Hier Auszug aus dem Catalyst Center: (Wenn das es das ist was du wolltest)
Grafikkarten-Hersteller    Built by AMD
Grafik-Chipsatz    ATI Radeon HD 4800 Series
Geräte-ID    9440
Anbieter    1002

Übrigens: Hab mal Grafikkarte auf 100% Lüftergeschwindigkeit gedreht, also der Lüfter funktioniert zwar kommt aber trotzdem nur auf 80~ °C im Normalzustand


----------



## Dr Bakterius (21. Juli 2012)

*AW: Überhitzung - Fehlerquelle?*

Wenn du ins Gehäuse schaust sollte der Lüfter in der Front vom Rahmen her sichbar sein un der hinten in der Rückwand die Propellernabe zeigen. Welche Größe haben die Lüfter und kannst das Gehäuse beim Namen nennen ( Hersteller )?
Kannst du mal ein Bild machen wo man Karte und offenes Gehäus sieht?


----------



## Slackton (21. Juli 2012)

*AW: Überhitzung - Fehlerquelle?*

Also ich hab mir halt nen komplett PC gekauft (Acer Aspire M5201).
Ja ich seh den Lüfter schon, funktioniert auch eig. gut (Weiß ja nicht wie gut der ziehen sollte im Normalfall)


----------



## Cuddleman (21. Juli 2012)

*AW: Überhitzung - Fehlerquelle?*

Du hast ein OEM-PC!

Ich gehe mal von diesem aus.
http://img1.kakaku.k-img.com/images/productimage/fullscale/00100520131.jpg
oder
http://www.chip.de/preisvergleich/img/product/100000/114000/114618_200x150_1.jpg

Dann sollte es so darin aussehen, o.ä.! Hier fehlt nur die Grafikkarte.
http://bbsimg01.kakaku.k-img.com/images/bbs/000/363/363870_m.jpg

Hier ist an der Rückwand kein Lüfter montiert, ob vorn sieht man nicht.

Doch bei diesem Gehäuse ohne guten Luftstrom, staut sich die Wärme nach oben und das Netzteil überhitzt sich.
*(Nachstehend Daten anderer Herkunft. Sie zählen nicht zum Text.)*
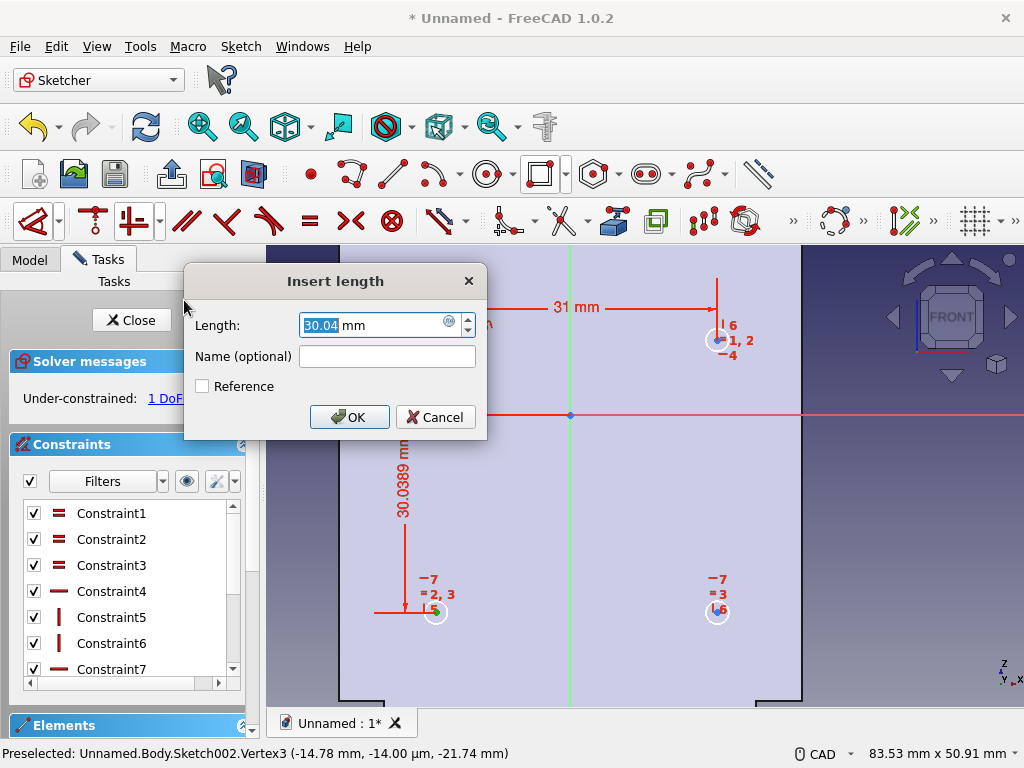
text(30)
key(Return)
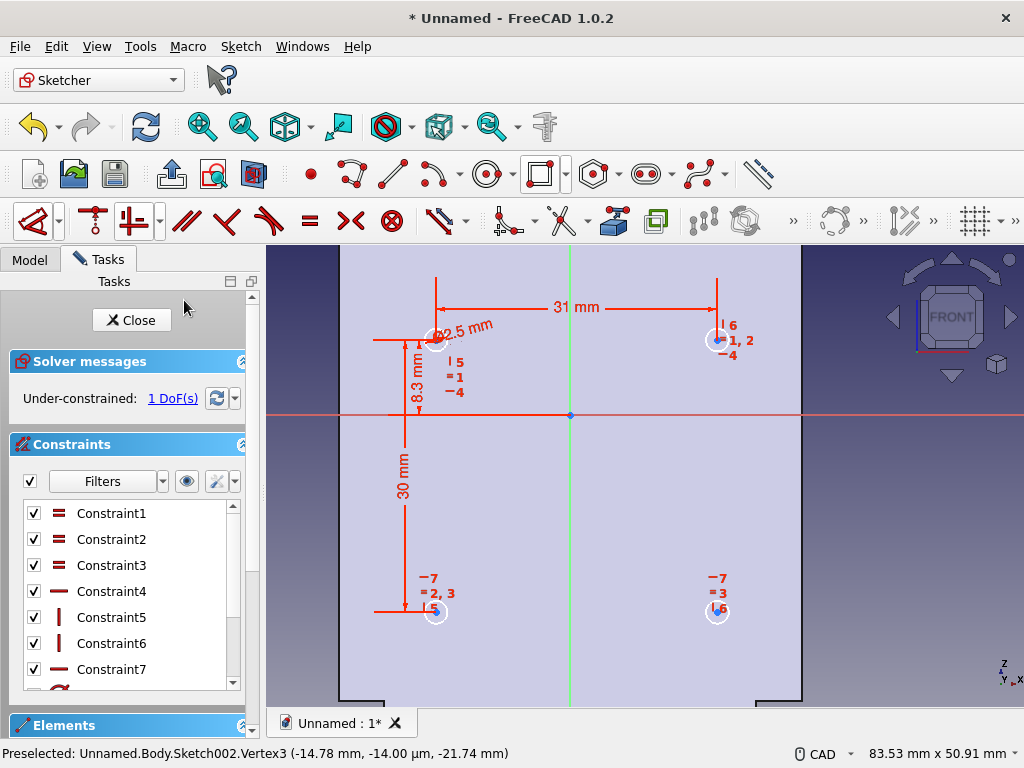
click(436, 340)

Wie dann üblich haben diese PC's während ihres Dasein meist schon ein zweites spendiert bekommen.

Damit das nicht sein muß, versuch doch mal ob du es so bewerkstelligen kannst, damit es deutlich kühler im Gehäuse wird.
Google-Ergebnis für http://bbsimg01.kakaku.k-img.com/images/bbs/000/363/363875_m.jpg

Günstiger für die Grafikkarte, ist sicherlich an der unteren (eventuell zusätzlich auch an der oberen) Seitenwand einen einblasenden Lüfter, (zusätzlich zum eventuell vorhanden Frontlüfter) zu montieren.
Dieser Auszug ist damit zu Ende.